1. A corrosion prediction method of predicting a corrosion amount of a vehicle, the corrosion prediction method comprising:
a first step of acquiring corrosion environment data of a vehicle and corrosion amount data of the vehicle, the corrosion environment data including at least a temperature, a humidity, a salt concentration, and a traveling time for each road surface state;
a second step of constructing a corrosion prediction model by performing machine learning using the corrosion environment data acquired in the first step as an explanatory variable and the corrosion amount data acquired in the first step as an objective variable, and defining an explanatory variable having a high correlation with the corrosion amount among the corrosion environment data as a corrosion promoting factor;
a third step of acquiring vehicle data including position information of the vehicle, and meteorological data based on the position information of the vehicle;
a fourth step of constructing a corrosion promoting factor selection model by performing machine learning using the vehicle data and the meteorological data acquired in the third step as explanatory variables and the corrosion promoting factor defined in the second step as an objective variable; and
a fifth step of predicting a corrosion amount of a vehicle based on the vehicle data of a vehicle to be predicted, the meteorological data based on the position information of the vehicle to be predicted, and the corrosion promoting factor selection model constructed in the fourth step.

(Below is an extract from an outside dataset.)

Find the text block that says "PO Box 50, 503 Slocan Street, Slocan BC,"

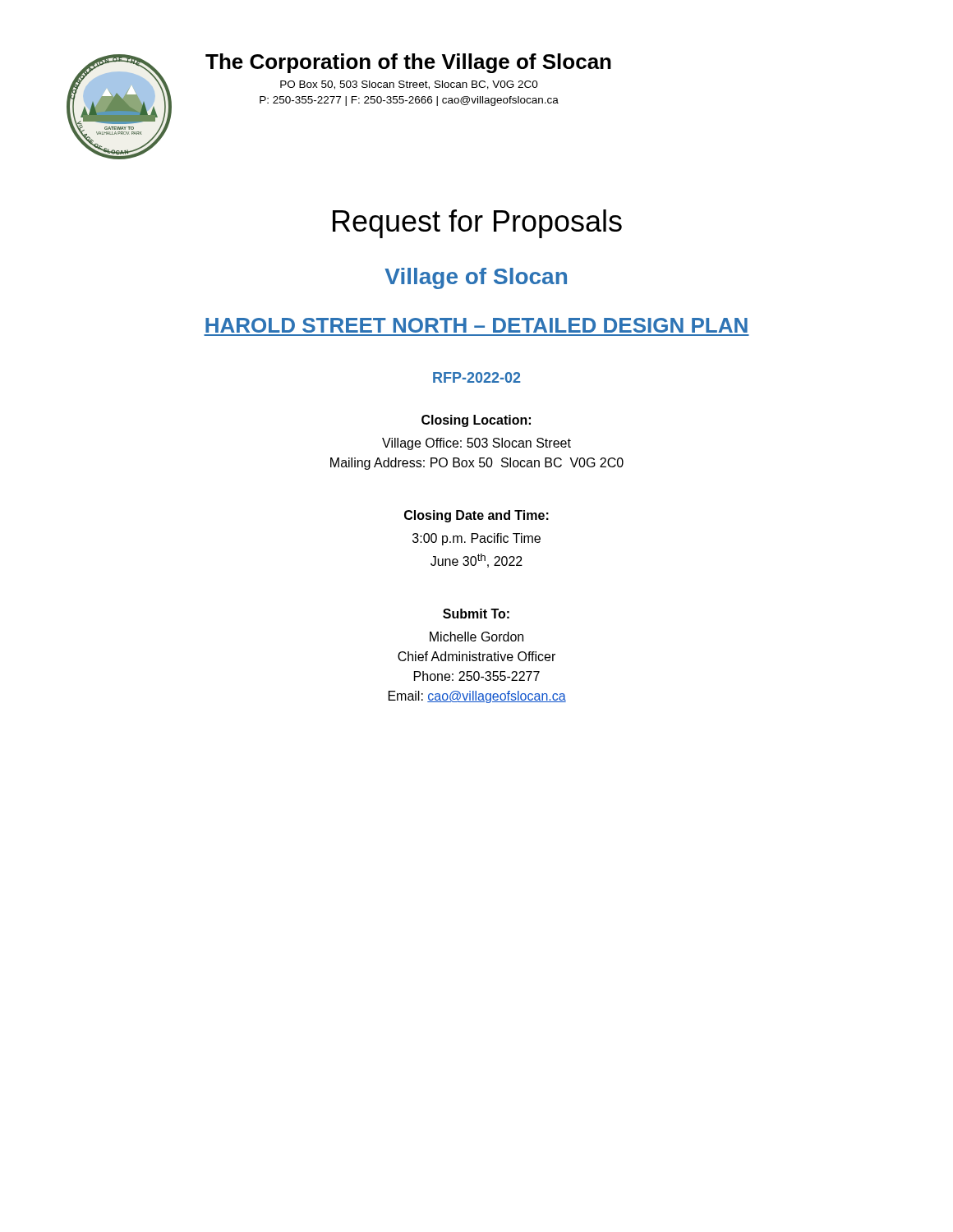[409, 84]

2. The corrosion prediction method according to claim 1, wherein the fifth step is a step of:
inputting the vehicle data of the vehicle to be predicted and the meteorological data based on the position information of the vehicle to be predicted into the corrosion promoting factor selection model constructed in the fourth step and obtaining the corrosion promoting factor; and
inputting the corrosion promoting factor that is obtained into the corrosion prediction model constructed in the second step and predicting the corrosion amount of the vehicle.

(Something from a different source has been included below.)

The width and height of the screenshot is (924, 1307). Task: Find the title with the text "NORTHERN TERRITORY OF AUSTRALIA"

3. The corrosion prediction method according to claim 1, wherein the fifth step is a step of:
extracting data having a high correlation with the corrosion amount among the vehicle data and the meteorological data based on the vehicle data and the meteorological data acquired in the third step and the corrosion promoting factor selection model constructed in the fourth step;
constructing a model by performing machine learning using the data that is extracted as an explanatory variable and the corrosion amount data acquired in the first step as an objective variable; and
inputting data having a high correlation with the corrosion amount among the vehicle data of the vehicle to be predicted and the meteorological data based on the position information of the vehicle to be predicted to the model that is constructed and predicting the corrosion amount of the vehicle.
4. The corrosion prediction method according to claim 1, wherein the corrosion environment data further includes a salt adhesion amount and a traveling time for each road type.